(Items from a data source)
○ ○ ○ ○

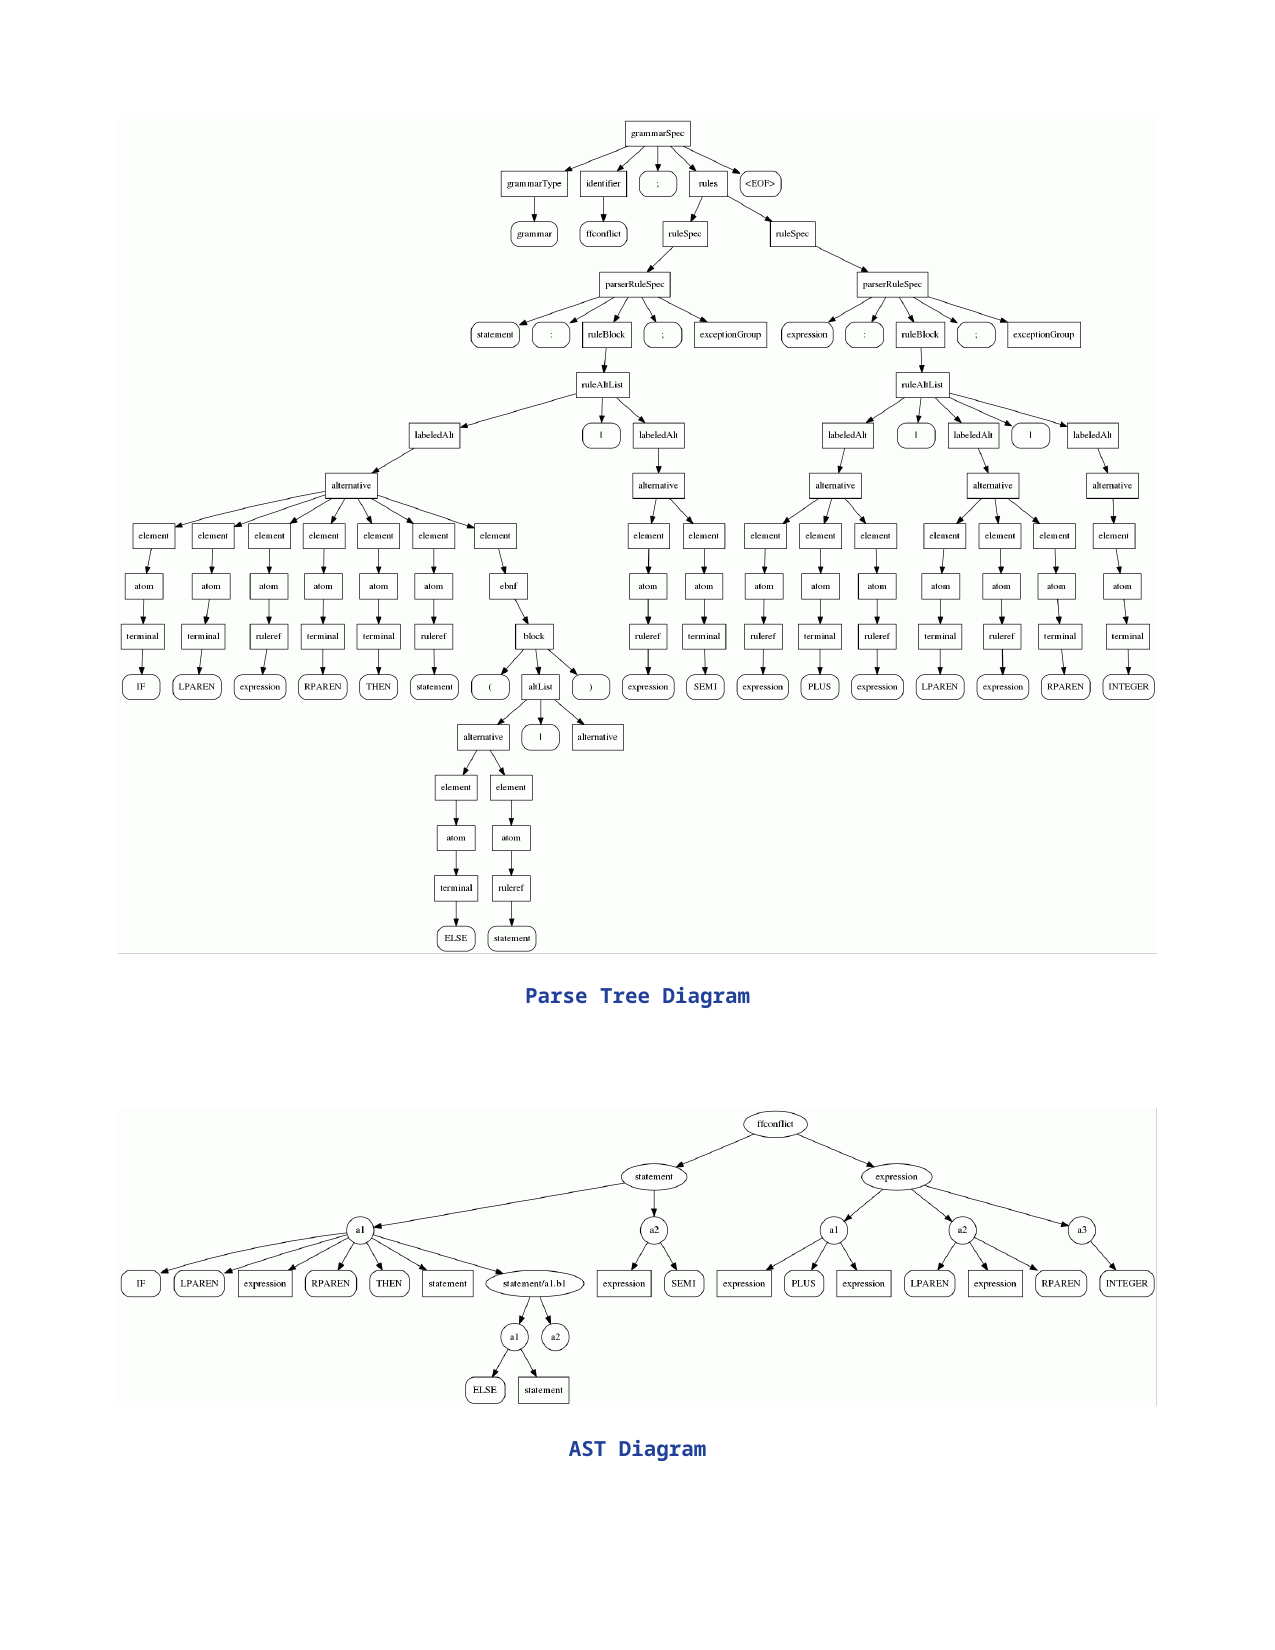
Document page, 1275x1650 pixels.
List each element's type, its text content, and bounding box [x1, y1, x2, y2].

text Parse Tree Diagram [118, 982, 1157, 1010]
picture [118, 1108, 1157, 1406]
text AST Diagram [118, 1434, 1157, 1463]
picture [118, 118, 1157, 954]
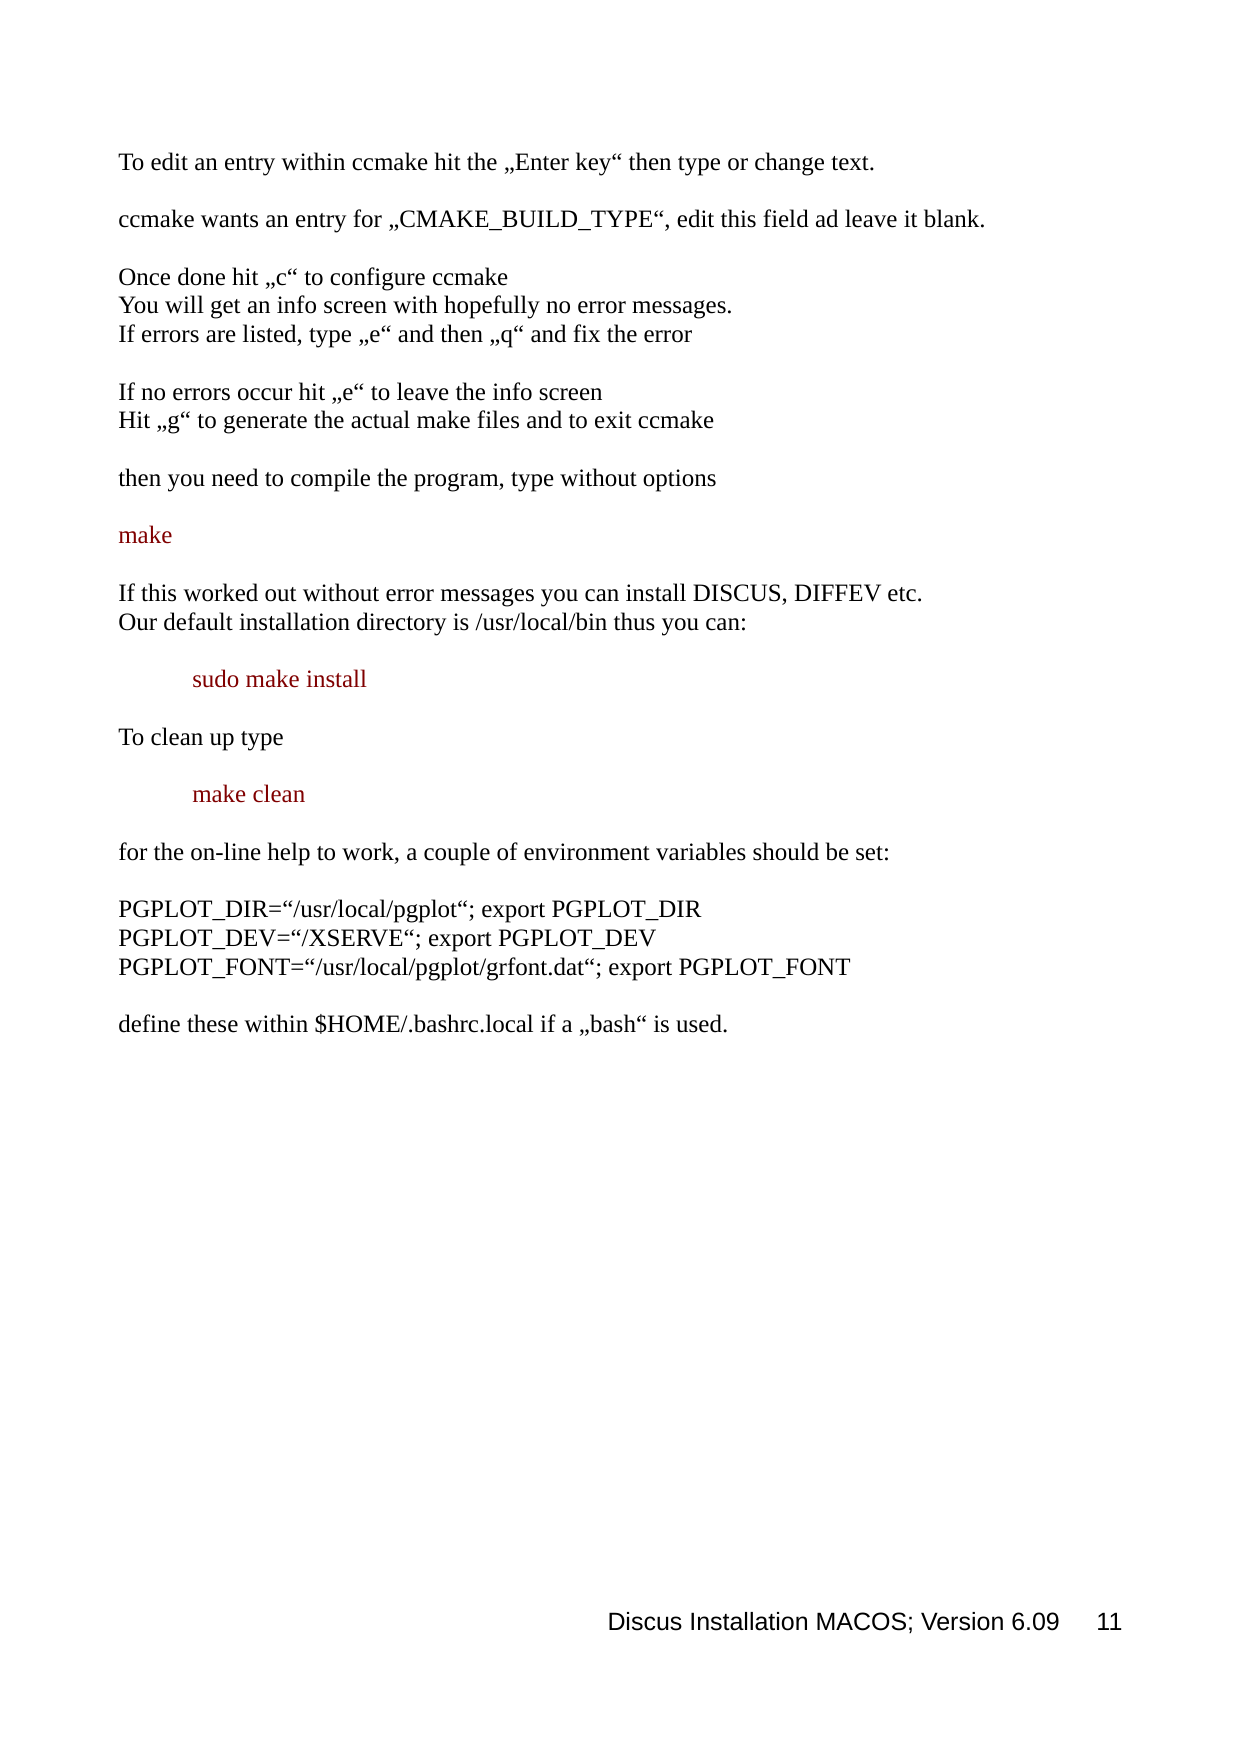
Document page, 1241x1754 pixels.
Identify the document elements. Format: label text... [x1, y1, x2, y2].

text sudo make install [118, 664, 1122, 693]
text Once done hit „c“ to configure ccmake [118, 262, 1122, 291]
text define these within $HOME/.bashrc.local if a „bash“ is used. [118, 1009, 1122, 1038]
text If no errors occur hit „e“ to leave the info screen [118, 377, 1122, 406]
text You will get an info screen with hopefully no error messages. [118, 291, 1122, 319]
text PGPLOT_FONT=“/usr/local/pgplot/grfont.dat“; export PGPLOT_FONT [118, 952, 1122, 981]
text make clean [118, 779, 1122, 808]
text then you need to compile the program, type without options [118, 463, 1122, 492]
text PGPLOT_DIR=“/usr/local/pgplot“; export PGPLOT_DIR [118, 894, 1122, 923]
text To clean up type [118, 722, 1122, 751]
text Our default installation directory is /usr/local/bin thus you can: [118, 607, 1122, 636]
text for the on-line help to work, a couple of environment variables should be set: [118, 837, 1122, 866]
text ccmake wants an entry for „CMAKE_BUILD_TYPE“, edit this field ad leave it blank. [118, 204, 1122, 233]
text make [118, 521, 1122, 549]
text To edit an entry within ccmake hit the „Enter key“ then type or change text. [118, 147, 1122, 176]
text Hit „g“ to generate the actual make files and to exit ccmake [118, 406, 1122, 434]
text If errors are listed, type „e“ and then „q“ and fix the error [118, 319, 1122, 348]
text If this worked out without error messages you can install DISCUS, DIFFEV etc. [118, 578, 1122, 607]
text PGPLOT_DEV=“/XSERVE“; export PGPLOT_DEV [118, 923, 1122, 952]

○ ○ ○ ○

| WORK REQUEST |
For every line in the data above that has the string "pixels", return that line.

| REPLY TO THE TASK |
Document page, 1275x1650 pixels.
Document page, 1241x1754 pixels.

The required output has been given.